(Records supplied)
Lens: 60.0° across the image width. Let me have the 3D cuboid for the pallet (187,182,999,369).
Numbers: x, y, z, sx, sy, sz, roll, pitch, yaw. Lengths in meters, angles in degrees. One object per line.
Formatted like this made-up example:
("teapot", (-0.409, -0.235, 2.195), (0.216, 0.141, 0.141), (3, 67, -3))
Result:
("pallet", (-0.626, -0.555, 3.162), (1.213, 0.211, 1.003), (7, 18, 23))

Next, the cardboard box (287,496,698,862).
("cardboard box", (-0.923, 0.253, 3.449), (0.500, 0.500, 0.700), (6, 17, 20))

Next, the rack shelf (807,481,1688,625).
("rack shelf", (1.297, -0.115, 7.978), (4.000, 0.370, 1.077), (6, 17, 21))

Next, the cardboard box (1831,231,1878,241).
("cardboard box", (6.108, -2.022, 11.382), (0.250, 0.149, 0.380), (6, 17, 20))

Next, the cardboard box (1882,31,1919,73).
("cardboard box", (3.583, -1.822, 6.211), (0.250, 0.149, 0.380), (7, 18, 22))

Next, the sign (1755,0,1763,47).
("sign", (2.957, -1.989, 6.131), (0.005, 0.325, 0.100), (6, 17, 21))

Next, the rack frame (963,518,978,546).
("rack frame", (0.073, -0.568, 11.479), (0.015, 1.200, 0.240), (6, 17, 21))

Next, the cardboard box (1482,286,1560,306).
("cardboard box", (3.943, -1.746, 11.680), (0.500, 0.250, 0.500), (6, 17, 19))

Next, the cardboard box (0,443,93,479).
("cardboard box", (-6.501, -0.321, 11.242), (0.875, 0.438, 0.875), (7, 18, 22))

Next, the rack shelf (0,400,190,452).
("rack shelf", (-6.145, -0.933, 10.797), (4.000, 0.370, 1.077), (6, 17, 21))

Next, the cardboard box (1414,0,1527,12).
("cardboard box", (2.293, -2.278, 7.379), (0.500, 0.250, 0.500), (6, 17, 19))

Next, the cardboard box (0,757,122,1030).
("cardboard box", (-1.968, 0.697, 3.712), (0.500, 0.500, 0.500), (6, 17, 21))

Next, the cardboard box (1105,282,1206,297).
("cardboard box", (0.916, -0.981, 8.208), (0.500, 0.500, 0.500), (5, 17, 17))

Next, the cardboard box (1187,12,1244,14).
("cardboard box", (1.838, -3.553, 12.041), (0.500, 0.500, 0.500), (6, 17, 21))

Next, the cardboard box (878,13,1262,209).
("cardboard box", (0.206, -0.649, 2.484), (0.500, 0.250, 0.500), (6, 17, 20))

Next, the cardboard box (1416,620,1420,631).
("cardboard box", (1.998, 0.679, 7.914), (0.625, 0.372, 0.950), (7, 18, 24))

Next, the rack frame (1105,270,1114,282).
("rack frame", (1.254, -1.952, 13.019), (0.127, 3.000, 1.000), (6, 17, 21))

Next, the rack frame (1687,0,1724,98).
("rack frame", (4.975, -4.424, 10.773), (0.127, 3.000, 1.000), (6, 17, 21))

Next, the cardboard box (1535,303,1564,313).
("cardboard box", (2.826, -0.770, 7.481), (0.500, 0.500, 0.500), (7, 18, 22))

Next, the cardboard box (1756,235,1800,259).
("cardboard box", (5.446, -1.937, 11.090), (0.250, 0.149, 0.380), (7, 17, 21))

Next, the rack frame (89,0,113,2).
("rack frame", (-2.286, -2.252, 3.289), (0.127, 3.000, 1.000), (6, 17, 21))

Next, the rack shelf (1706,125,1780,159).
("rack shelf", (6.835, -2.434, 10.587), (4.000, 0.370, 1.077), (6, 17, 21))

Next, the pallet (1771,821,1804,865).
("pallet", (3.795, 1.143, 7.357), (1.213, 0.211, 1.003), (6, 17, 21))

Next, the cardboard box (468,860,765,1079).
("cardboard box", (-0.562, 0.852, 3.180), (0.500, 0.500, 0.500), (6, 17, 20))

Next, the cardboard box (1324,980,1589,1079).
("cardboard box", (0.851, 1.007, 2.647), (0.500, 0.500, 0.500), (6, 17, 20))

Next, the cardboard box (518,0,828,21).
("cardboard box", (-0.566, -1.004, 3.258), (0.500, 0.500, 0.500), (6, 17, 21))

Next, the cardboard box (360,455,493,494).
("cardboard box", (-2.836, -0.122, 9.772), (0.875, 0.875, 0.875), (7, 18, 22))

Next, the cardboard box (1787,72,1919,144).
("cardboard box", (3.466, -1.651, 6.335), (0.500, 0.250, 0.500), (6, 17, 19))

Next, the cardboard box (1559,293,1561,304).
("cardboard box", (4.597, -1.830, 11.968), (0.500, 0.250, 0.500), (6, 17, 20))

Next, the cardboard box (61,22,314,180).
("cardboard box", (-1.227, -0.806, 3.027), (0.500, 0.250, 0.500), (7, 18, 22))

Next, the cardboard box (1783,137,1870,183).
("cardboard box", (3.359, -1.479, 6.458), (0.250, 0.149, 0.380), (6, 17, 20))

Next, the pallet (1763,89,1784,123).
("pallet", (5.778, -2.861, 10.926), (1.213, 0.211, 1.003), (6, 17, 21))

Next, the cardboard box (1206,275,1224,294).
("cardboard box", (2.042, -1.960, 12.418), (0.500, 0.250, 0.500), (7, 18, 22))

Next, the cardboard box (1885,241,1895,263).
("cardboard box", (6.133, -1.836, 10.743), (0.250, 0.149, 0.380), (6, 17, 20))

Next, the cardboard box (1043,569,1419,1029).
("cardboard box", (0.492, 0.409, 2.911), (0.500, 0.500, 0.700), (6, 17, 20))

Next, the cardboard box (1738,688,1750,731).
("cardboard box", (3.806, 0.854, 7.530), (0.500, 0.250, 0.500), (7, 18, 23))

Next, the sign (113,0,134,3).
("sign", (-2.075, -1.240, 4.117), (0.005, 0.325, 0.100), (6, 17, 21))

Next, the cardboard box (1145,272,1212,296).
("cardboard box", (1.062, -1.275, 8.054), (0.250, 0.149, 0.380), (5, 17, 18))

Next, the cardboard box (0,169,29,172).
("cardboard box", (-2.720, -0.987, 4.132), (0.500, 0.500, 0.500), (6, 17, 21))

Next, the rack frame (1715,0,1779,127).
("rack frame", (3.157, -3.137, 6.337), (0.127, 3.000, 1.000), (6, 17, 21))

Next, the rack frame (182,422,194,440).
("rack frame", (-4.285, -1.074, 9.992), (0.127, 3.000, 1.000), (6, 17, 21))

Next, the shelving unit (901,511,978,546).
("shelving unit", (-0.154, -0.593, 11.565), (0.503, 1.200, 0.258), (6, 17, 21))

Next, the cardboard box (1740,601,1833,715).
(End Records supplied)
What the exercise asks: Write out the data again, exactly and in full.

Answer to this task:
Lens: 60.0° across the image width. Let me have the 3D cuboid for the pallet (187,182,999,369).
Numbers: x, y, z, sx, sy, sz, roll, pitch, yaw. Lengths in meters, angles in degrees. One object per line.
Formatted like this made-up example:
("teapot", (-0.409, -0.235, 2.195), (0.216, 0.141, 0.141), (3, 67, -3))
Result:
("pallet", (-0.626, -0.555, 3.162), (1.213, 0.211, 1.003), (7, 18, 23))

Next, the cardboard box (287,496,698,862).
("cardboard box", (-0.923, 0.253, 3.449), (0.500, 0.500, 0.700), (6, 17, 20))

Next, the rack shelf (807,481,1688,625).
("rack shelf", (1.297, -0.115, 7.978), (4.000, 0.370, 1.077), (6, 17, 21))

Next, the cardboard box (1831,231,1878,241).
("cardboard box", (6.108, -2.022, 11.382), (0.250, 0.149, 0.380), (6, 17, 20))

Next, the cardboard box (1882,31,1919,73).
("cardboard box", (3.583, -1.822, 6.211), (0.250, 0.149, 0.380), (7, 18, 22))

Next, the sign (1755,0,1763,47).
("sign", (2.957, -1.989, 6.131), (0.005, 0.325, 0.100), (6, 17, 21))

Next, the rack frame (963,518,978,546).
("rack frame", (0.073, -0.568, 11.479), (0.015, 1.200, 0.240), (6, 17, 21))

Next, the cardboard box (1482,286,1560,306).
("cardboard box", (3.943, -1.746, 11.680), (0.500, 0.250, 0.500), (6, 17, 19))

Next, the cardboard box (0,443,93,479).
("cardboard box", (-6.501, -0.321, 11.242), (0.875, 0.438, 0.875), (7, 18, 22))

Next, the rack shelf (0,400,190,452).
("rack shelf", (-6.145, -0.933, 10.797), (4.000, 0.370, 1.077), (6, 17, 21))

Next, the cardboard box (1414,0,1527,12).
("cardboard box", (2.293, -2.278, 7.379), (0.500, 0.250, 0.500), (6, 17, 19))

Next, the cardboard box (0,757,122,1030).
("cardboard box", (-1.968, 0.697, 3.712), (0.500, 0.500, 0.500), (6, 17, 21))

Next, the cardboard box (1105,282,1206,297).
("cardboard box", (0.916, -0.981, 8.208), (0.500, 0.500, 0.500), (5, 17, 17))

Next, the cardboard box (1187,12,1244,14).
("cardboard box", (1.838, -3.553, 12.041), (0.500, 0.500, 0.500), (6, 17, 21))

Next, the cardboard box (878,13,1262,209).
("cardboard box", (0.206, -0.649, 2.484), (0.500, 0.250, 0.500), (6, 17, 20))

Next, the cardboard box (1416,620,1420,631).
("cardboard box", (1.998, 0.679, 7.914), (0.625, 0.372, 0.950), (7, 18, 24))

Next, the rack frame (1105,270,1114,282).
("rack frame", (1.254, -1.952, 13.019), (0.127, 3.000, 1.000), (6, 17, 21))

Next, the rack frame (1687,0,1724,98).
("rack frame", (4.975, -4.424, 10.773), (0.127, 3.000, 1.000), (6, 17, 21))

Next, the cardboard box (1535,303,1564,313).
("cardboard box", (2.826, -0.770, 7.481), (0.500, 0.500, 0.500), (7, 18, 22))

Next, the cardboard box (1756,235,1800,259).
("cardboard box", (5.446, -1.937, 11.090), (0.250, 0.149, 0.380), (7, 17, 21))

Next, the rack frame (89,0,113,2).
("rack frame", (-2.286, -2.252, 3.289), (0.127, 3.000, 1.000), (6, 17, 21))

Next, the rack shelf (1706,125,1780,159).
("rack shelf", (6.835, -2.434, 10.587), (4.000, 0.370, 1.077), (6, 17, 21))

Next, the pallet (1771,821,1804,865).
("pallet", (3.795, 1.143, 7.357), (1.213, 0.211, 1.003), (6, 17, 21))

Next, the cardboard box (468,860,765,1079).
("cardboard box", (-0.562, 0.852, 3.180), (0.500, 0.500, 0.500), (6, 17, 20))

Next, the cardboard box (1324,980,1589,1079).
("cardboard box", (0.851, 1.007, 2.647), (0.500, 0.500, 0.500), (6, 17, 20))

Next, the cardboard box (518,0,828,21).
("cardboard box", (-0.566, -1.004, 3.258), (0.500, 0.500, 0.500), (6, 17, 21))

Next, the cardboard box (360,455,493,494).
("cardboard box", (-2.836, -0.122, 9.772), (0.875, 0.875, 0.875), (7, 18, 22))

Next, the cardboard box (1787,72,1919,144).
("cardboard box", (3.466, -1.651, 6.335), (0.500, 0.250, 0.500), (6, 17, 19))

Next, the cardboard box (1559,293,1561,304).
("cardboard box", (4.597, -1.830, 11.968), (0.500, 0.250, 0.500), (6, 17, 20))

Next, the cardboard box (61,22,314,180).
("cardboard box", (-1.227, -0.806, 3.027), (0.500, 0.250, 0.500), (7, 18, 22))

Next, the cardboard box (1783,137,1870,183).
("cardboard box", (3.359, -1.479, 6.458), (0.250, 0.149, 0.380), (6, 17, 20))

Next, the pallet (1763,89,1784,123).
("pallet", (5.778, -2.861, 10.926), (1.213, 0.211, 1.003), (6, 17, 21))

Next, the cardboard box (1206,275,1224,294).
("cardboard box", (2.042, -1.960, 12.418), (0.500, 0.250, 0.500), (7, 18, 22))

Next, the cardboard box (1885,241,1895,263).
("cardboard box", (6.133, -1.836, 10.743), (0.250, 0.149, 0.380), (6, 17, 20))

Next, the cardboard box (1043,569,1419,1029).
("cardboard box", (0.492, 0.409, 2.911), (0.500, 0.500, 0.700), (6, 17, 20))

Next, the cardboard box (1738,688,1750,731).
("cardboard box", (3.806, 0.854, 7.530), (0.500, 0.250, 0.500), (7, 18, 23))

Next, the sign (113,0,134,3).
("sign", (-2.075, -1.240, 4.117), (0.005, 0.325, 0.100), (6, 17, 21))

Next, the cardboard box (1145,272,1212,296).
("cardboard box", (1.062, -1.275, 8.054), (0.250, 0.149, 0.380), (5, 17, 18))

Next, the cardboard box (0,169,29,172).
("cardboard box", (-2.720, -0.987, 4.132), (0.500, 0.500, 0.500), (6, 17, 21))

Next, the rack frame (1715,0,1779,127).
("rack frame", (3.157, -3.137, 6.337), (0.127, 3.000, 1.000), (6, 17, 21))

Next, the rack frame (182,422,194,440).
("rack frame", (-4.285, -1.074, 9.992), (0.127, 3.000, 1.000), (6, 17, 21))

Next, the shelving unit (901,511,978,546).
("shelving unit", (-0.154, -0.593, 11.565), (0.503, 1.200, 0.258), (6, 17, 21))

Next, the cardboard box (1740,601,1833,715).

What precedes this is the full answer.